Electronic Thesis and Dissertation Repository

Thesis Format

Integrated Article


Doctor of Philosophy




Dr. Shannon L Stewart


School disengagement is a significant problem experienced by many students and may be an indicator of or resultant from underlying difficulties. Indeed, the first onset of mental health difficulties typically occurs during childhood and adolescence. Utilizing large clinically referred samples of elementary and secondary school students at intake into community and inpatient mental health service agencies across the Province of Ontario, Canada, school disengagement was explored as associated with physical and mental health as well as peer and familial relationships, other and self-directed harm, and service intensity need. Age and sex differences were explored across studies to inform the development and implementation of targetted prevention and intervention programs for promoting school engagement and circumventing life-long consequences across the lifespan.

Findings from the first paper indicated that physical and mental health distress were associated with school disengagement, while individual and relational strengths were associated with school engagement among clinically referred elementary and secondary students. Distinct predictive profiles of school disengagement were revealed for school-age children (ages 4 to 11 years) and youth (ages 12 to 18 years). Results from the second paper indicated that school disengagement was strongly associated with other- and self-directed harm among clinically referred elementary and secondary students. Notably, male youth were more likely to be at risk for harm to others, while female youth were more likely to be at risk for harm to self. Findings from the third paper indicated that students who are disengaged in school are two to four times more likely in odds to require high-intensity as compared to low-intensity services at intake into clinical services. Although service intensity need tended to decrease across development, this relationship was more stable for male students as compared to female students.
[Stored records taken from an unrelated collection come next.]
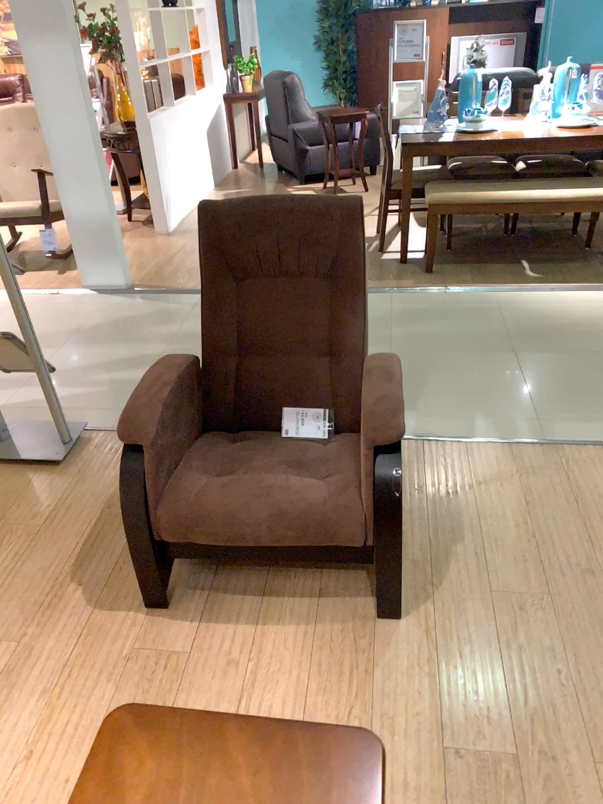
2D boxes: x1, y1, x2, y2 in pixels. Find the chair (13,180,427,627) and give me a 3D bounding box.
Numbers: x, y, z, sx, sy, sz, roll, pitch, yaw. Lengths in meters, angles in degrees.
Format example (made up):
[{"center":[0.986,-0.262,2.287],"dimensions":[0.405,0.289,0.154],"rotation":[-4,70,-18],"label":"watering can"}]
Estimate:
[{"center":[-0.095,-0.063,1.814],"dimensions":[0.800,0.886,1.004],"rotation":[0,32,7],"label":"chair"}]
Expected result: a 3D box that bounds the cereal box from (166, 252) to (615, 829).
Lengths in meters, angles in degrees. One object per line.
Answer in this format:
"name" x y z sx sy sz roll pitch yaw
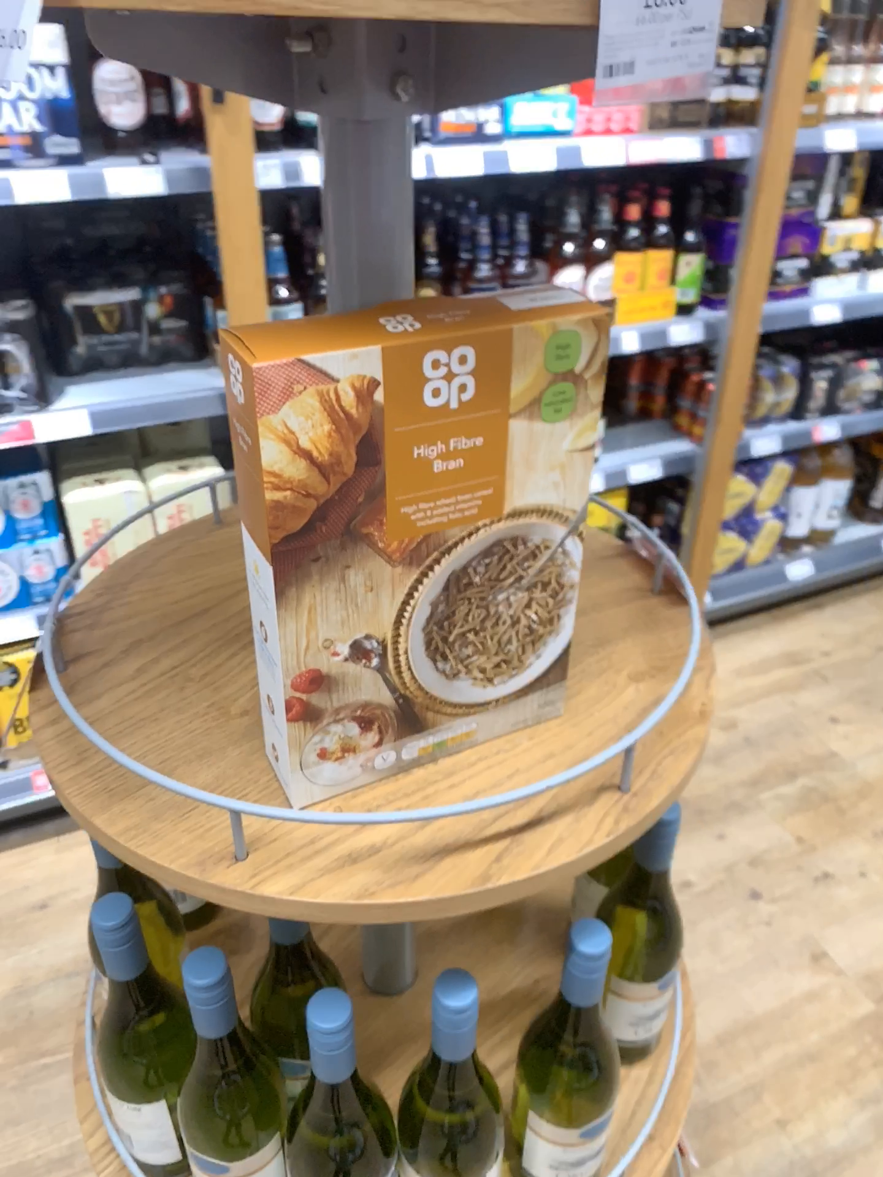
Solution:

Taken together, findings across the three papers highlight the necessity for early identification of student distress and provision of timely access to intervention. Further, the requirement of service integration across sectors working directly with students and their families is underlined. When school engagement problems are identified early, both immediate and long-term consequences, such as the manifestation of acute distress requiring crisis supports, can be prevented.

Summary for Lay Audience

The emergence of mental health challenges among children and adolescents is well-known. Notably, young people faced with ongoing mental health distress often experience difficulties across many domains of their lives including poor self-care, interpersonal difficulties, and negative school outcomes such as poor achievement, disengagement in school, and school dropout. Specifically, school disengagement, which has been associated with many unfavourable outcomes, may be representative of underlying emotional or behavioural problems. Utilizing large samples of clinically referred elementary and secondary school students, school disengagement was explored as associated with: 1) physical and mental health concerns as well as relational and individual strengths, 2) other-directed and self-directed harm, and 3) service intensity needs and reason for referral. As expected, students who faced health adversity were found to be at a greater risk for school engagement problems as compared to healthy students. Notably, students who pose the greatest risk to themselves (i.e., risk for self-harm) and those around them (i.e., risk for other-direct harm) were found to be experiencing significant problems with engaging in their learning. In contrast, strong relationships with peers and family members were found to be associated with school engagement for all students. Further, 1 in 4 students were found to be at heighted risk for school disengagement and to require high-intensity services at intake into clinical services. Findings confirm the need for early identification of student distress to reduce the likelihood of consequential life-course detriments. Further, findings highlight the demand for providing timely access to intervention for students in an accessible and applicable manner. Given that the education system has been identified as the main point of entry into mental health services for students, school staff are uniquely positioned to identify and support struggling students. Implications of the findings are explored within the context of the school setting as well as across service sectors working directly with students and their families.